Build + push the image (do this BEFORE the first apply)

devnen/Chatterbox-TTS-Server ships no published image — build from the repo's cu128 target (matches the cluster's pinned 570.195.03 / CUDA 12.8 driver) and push to the private Forgejo registry. The devvm docker is pre-authed to forgejo.viktorbarzin.me.

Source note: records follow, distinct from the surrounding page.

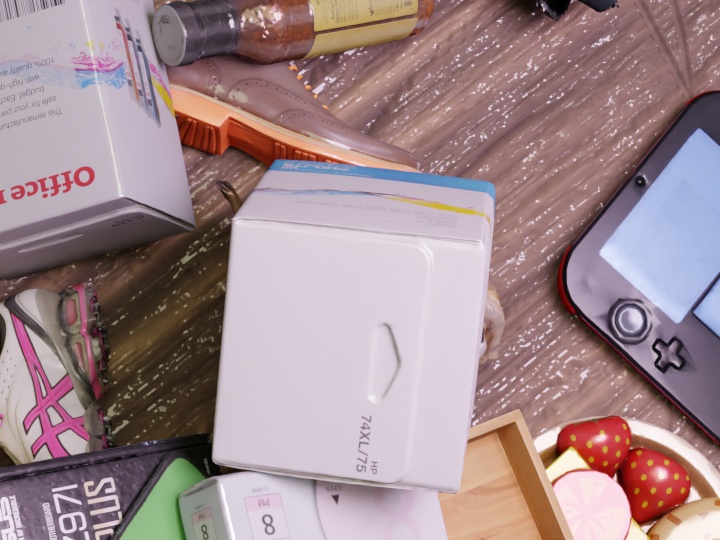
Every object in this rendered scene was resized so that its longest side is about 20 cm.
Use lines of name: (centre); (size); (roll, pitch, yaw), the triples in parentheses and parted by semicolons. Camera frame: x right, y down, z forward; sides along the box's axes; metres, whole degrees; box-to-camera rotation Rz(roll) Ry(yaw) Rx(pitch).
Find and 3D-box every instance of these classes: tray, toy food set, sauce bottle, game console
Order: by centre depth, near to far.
tray: (0.032, 0.166, 1.387); (0.199, 0.037, 0.099); (-19, 81, -29)
toy food set: (0.169, 0.195, 1.472); (0.198, 0.049, 0.200); (-40, 87, -15)
sauce bottle: (-0.044, -0.172, 1.478); (0.199, 0.066, 0.067); (-13, 79, -36)
game console: (0.248, -0.006, 1.539); (0.177, 0.031, 0.200); (41, 75, 1)

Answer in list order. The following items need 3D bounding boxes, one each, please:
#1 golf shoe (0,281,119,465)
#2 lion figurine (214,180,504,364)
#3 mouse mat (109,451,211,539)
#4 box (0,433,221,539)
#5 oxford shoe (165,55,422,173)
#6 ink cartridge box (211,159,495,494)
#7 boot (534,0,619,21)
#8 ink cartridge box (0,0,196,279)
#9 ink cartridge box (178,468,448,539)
golf shoe: (-0.198, 0.103, 1.407); (0.091, 0.073, 0.201); (-9, 55, -3)
lion figurine: (0.000, 0.000, 1.475); (0.198, 0.123, 0.073); (11, 41, 9)
mouse mat: (-0.077, 0.221, 1.262); (0.200, 0.008, 0.161); (48, 51, -18)
box: (-0.149, 0.206, 1.269); (0.163, 0.086, 0.202); (-6, 80, -40)
oxford shoe: (-0.045, -0.105, 1.494); (0.198, 0.071, 0.073); (20, 70, -4)
ink cartridge box: (0.001, 0.027, 1.326); (0.144, 0.200, 0.148); (7, 102, 3)
boot: (0.077, -0.241, 1.532); (0.167, 0.200, 0.077); (24, 96, -38)
ink cartridge box: (-0.206, -0.110, 1.409); (0.144, 0.145, 0.202); (-14, 79, 13)
ink cartridge box: (-0.010, 0.210, 1.283); (0.162, 0.057, 0.202); (-3, 71, -42)
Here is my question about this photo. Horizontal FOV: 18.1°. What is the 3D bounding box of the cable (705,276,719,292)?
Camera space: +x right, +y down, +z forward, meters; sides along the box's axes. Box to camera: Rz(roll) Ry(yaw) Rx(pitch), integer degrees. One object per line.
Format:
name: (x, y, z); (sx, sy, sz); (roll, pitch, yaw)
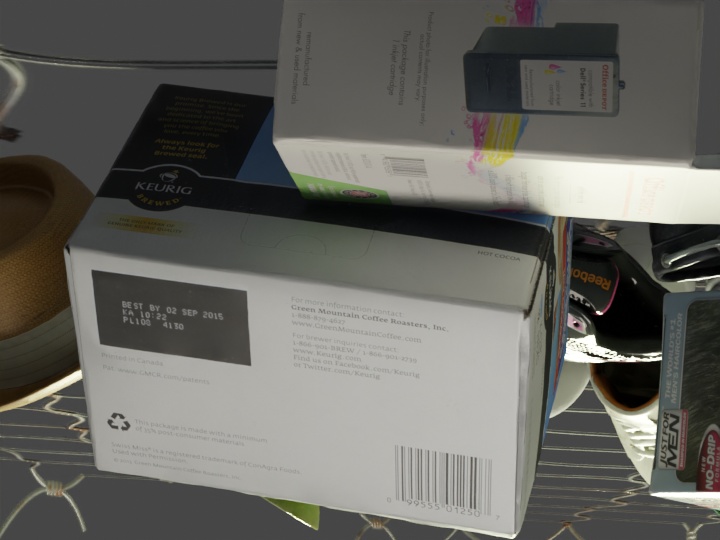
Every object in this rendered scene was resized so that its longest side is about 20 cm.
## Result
cable: (0.276, 0.004, 1.179); (0.200, 0.070, 0.200); (12, 167, -39)

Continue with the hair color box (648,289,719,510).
hair color box: (0.227, 0.076, 1.133); (0.061, 0.099, 0.200); (-4, 166, 42)

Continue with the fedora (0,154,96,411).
fedora: (-0.184, -0.006, 1.197); (0.200, 0.201, 0.082); (-3, 127, 37)

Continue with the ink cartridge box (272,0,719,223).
ink cartridge box: (0.072, -0.064, 0.887); (0.199, 0.068, 0.117); (4, 171, 5)

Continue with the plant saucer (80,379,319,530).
plant saucer: (-0.101, 0.087, 1.337); (0.200, 0.031, 0.200); (33, 176, 3)

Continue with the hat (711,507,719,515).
hat: (0.299, 0.074, 1.354); (0.200, 0.166, 0.176); (41, 152, 2)

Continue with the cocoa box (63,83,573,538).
cocoa box: (-0.012, 0.014, 1.001); (0.199, 0.131, 0.134); (8, 129, 11)

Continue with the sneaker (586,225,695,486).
sneaker: (0.162, 0.075, 1.305); (0.073, 0.085, 0.200); (5, 134, 27)

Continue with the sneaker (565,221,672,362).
sneaker: (0.085, -0.006, 1.110); (0.200, 0.081, 0.086); (18, 176, -34)

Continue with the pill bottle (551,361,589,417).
pill bottle: (0.041, 0.041, 1.371); (0.111, 0.112, 0.200); (11, 167, -35)

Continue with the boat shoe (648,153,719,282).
boat shoe: (0.219, -0.023, 1.053); (0.200, 0.068, 0.072); (-4, 167, 40)
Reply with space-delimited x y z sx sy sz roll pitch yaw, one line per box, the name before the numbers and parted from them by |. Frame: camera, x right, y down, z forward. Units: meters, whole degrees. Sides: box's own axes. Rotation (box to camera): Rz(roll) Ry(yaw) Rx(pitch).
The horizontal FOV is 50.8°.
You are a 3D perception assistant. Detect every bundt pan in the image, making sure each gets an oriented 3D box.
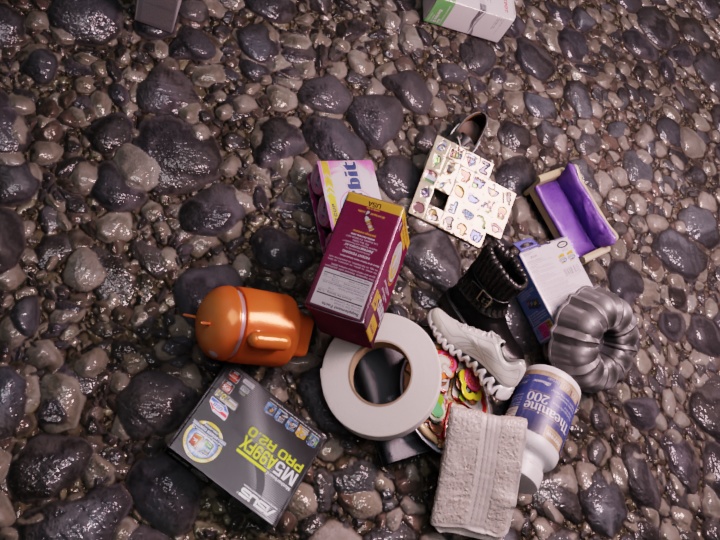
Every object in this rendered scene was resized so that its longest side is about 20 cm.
bundt pan | 0.442 0.134 1.399 0.198 0.075 0.207 -7 103 -32

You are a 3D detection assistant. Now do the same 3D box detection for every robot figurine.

Run on the devvm (large CUDA image — needs disk + bandwidth):

# 1. Clone the upstream server repo (outside the monorepo).
git clone https://github.com/devnen/Chatterbox-TTS-Server /tmp/chatterbox-tts-server
cd /tmp/chatterbox-tts-server

# 2. Build the cu128 variant (Dockerfile.cu128 — PyTorch 2.9.0+cu128, the target
#    the repo's docker-compose-cu128.yml uses) for linux/amd64.
SHA="$(git rev-parse --short=8 HEAD)"
docker build \
  --platform linux/amd64 \
  --build-arg RUNTIME=nvidia \
  -f Dockerfile.cu128 \
  -t forgejo.viktorbarzin.me/viktor/chatterbox-tts:latest \
  -t "forgejo.viktorbarzin.me/viktor/chatterbox-tts:${SHA}" \
  .

# 3. Push both tags. (If docker isn't authed: log in with the viktor push PAT
#    from Vault — `vault kv get -field=forgejo_push_token secret/ci/global` —
#    `docker login forgejo.viktorbarzin.me -u viktor`.)
docker push forgejo.viktorbarzin.me/viktor/chatterbox-tts:latest
docker push "forgejo.viktorbarzin.me/viktor/chatterbox-tts:${SHA}"

If Dockerfile.cu128 is not a clean docker build target (e.g. it relies on build args defined only in docker-compose-cu128.yml), lift those args onto the docker build line or docker compose -f docker-compose-cu128.yml build then docker tag the resulting chatterbox-tts-server:cu128 image to the Forgejo ref above before pushing.


Apply (admin-gated — run in order)

vault login -method=oidc
~/code/scripts/presence claim node:k8s-node1 --purpose "chatterbox-tts first apply (GPU)"
~/code/scripts/presence claim stack:tts      --purpose "chatterbox-tts stack apply"

# 1. The polite-tenant hardening (exclude tts from gpu-workload priority).
~/code/scripts/tg plan  --stack kyverno
~/code/scripts/tg apply --stack kyverno

# 2. This stack.
~/code/scripts/tg plan  --stack tts
~/code/scripts/tg apply --stack tts        # apply does NOT wake the GPU (replicas=0)

# 3. Flip tripit narration on.
~/code/scripts/tg plan  --stack tripit
~/code/scripts/tg apply --stack tripit

See docs/plans/2026-06-08-chatterbox-tts-infra.md §5 for the full go-live checklist (seed voices on NFS-SSD, smoke-test a synth, watch the neighbours).

Rollback (instant, no data loss)

  • Narration off: set TTS_MODE=none (or drop the three TTS_* lines) in stacks/tripit/main.tftg apply --stack tripit. The bake makes no audio; playback falls back to browser TTS. Cached story_audio rows are harmless.
  • Chatterbox off the GPU: kubectl -n tts scale deploy/chatterbox-tts --replicas=0 (transient) and/or tg destroy --stack tts. Best-effort synth means tripit bakes keep running audio-less — no error.
  • Neither touches the resident GPU tenants (Option A never modifies them).